**ASSIGNMENT**
Reproduce the line with "Can you give" and everything after it in the listing below, exactly, both ends included. No pictures.

**RECORDED INFORMATION**

##############################

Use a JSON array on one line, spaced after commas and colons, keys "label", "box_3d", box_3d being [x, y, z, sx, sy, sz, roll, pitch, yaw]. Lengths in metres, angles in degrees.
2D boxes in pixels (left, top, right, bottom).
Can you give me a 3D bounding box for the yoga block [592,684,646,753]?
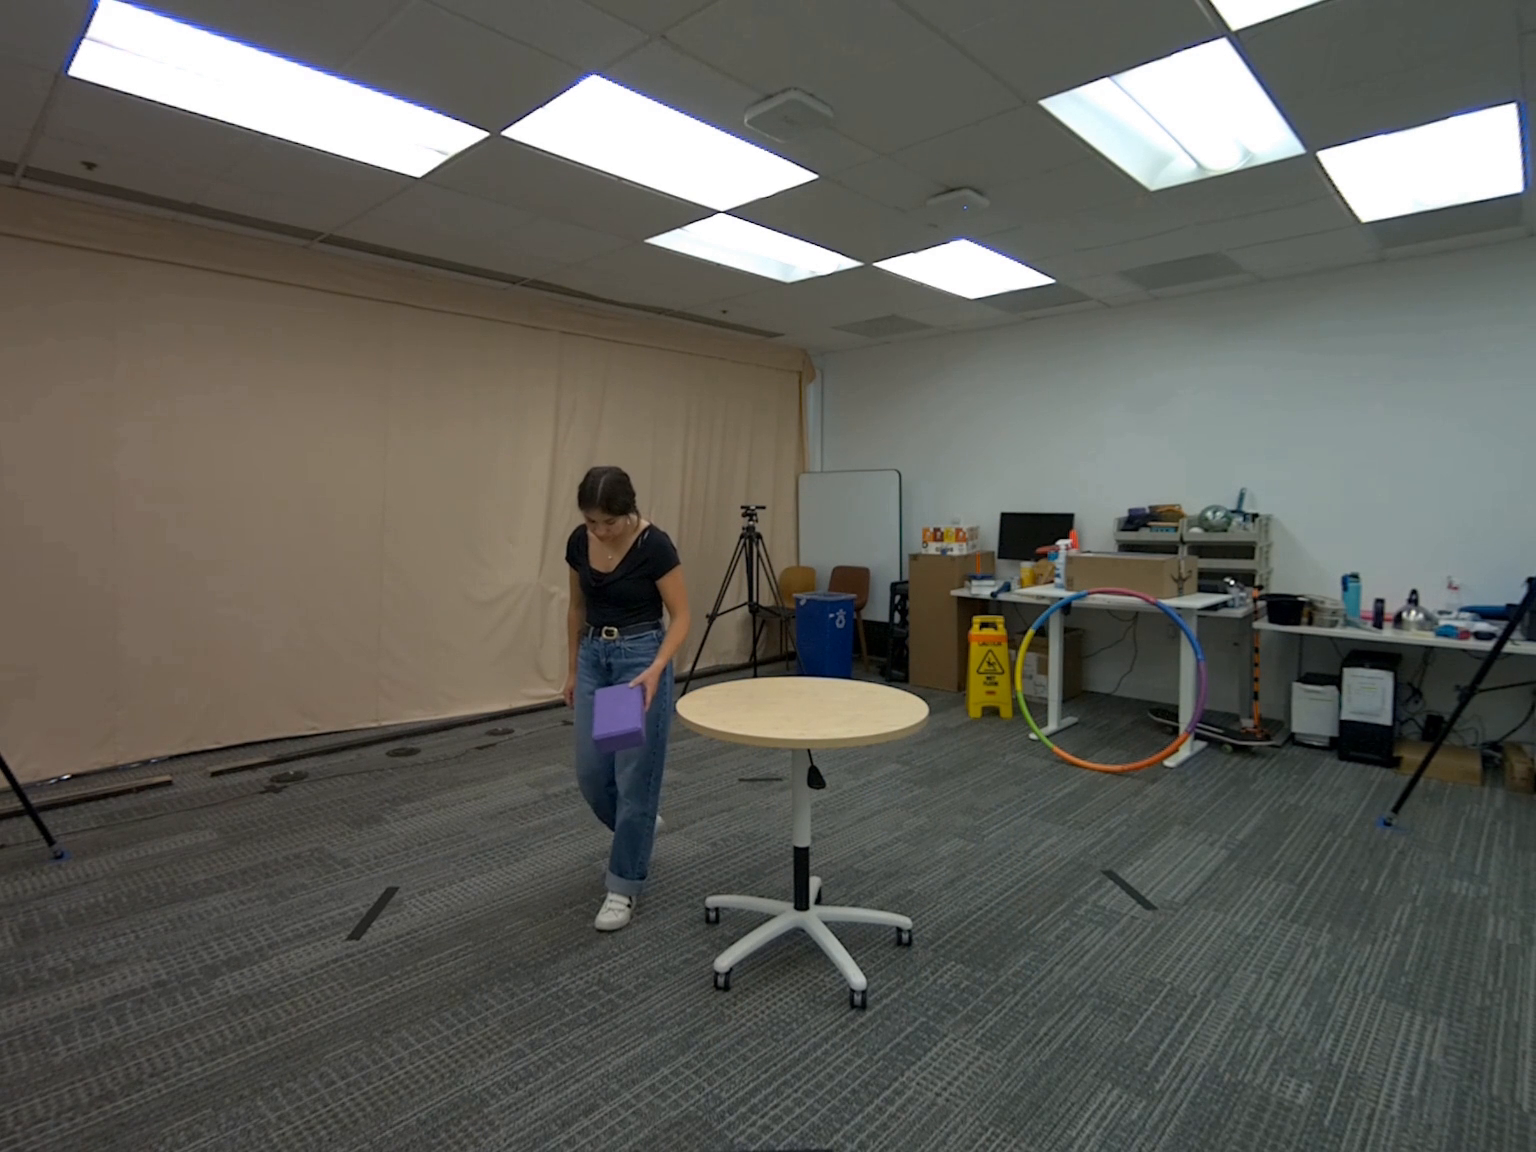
[{"label": "yoga block", "box_3d": [-0.449, 0.438, 2.611, 0.149, 0.075, 0.234, -12, 32, -1]}]

##############################

**WORKED SOLUTION**
Can you give me a 3D bounding box for the yoga block [592,684,646,753]?
[{"label": "yoga block", "box_3d": [-0.449, 0.438, 2.611, 0.149, 0.075, 0.234, -12, 32, -1]}]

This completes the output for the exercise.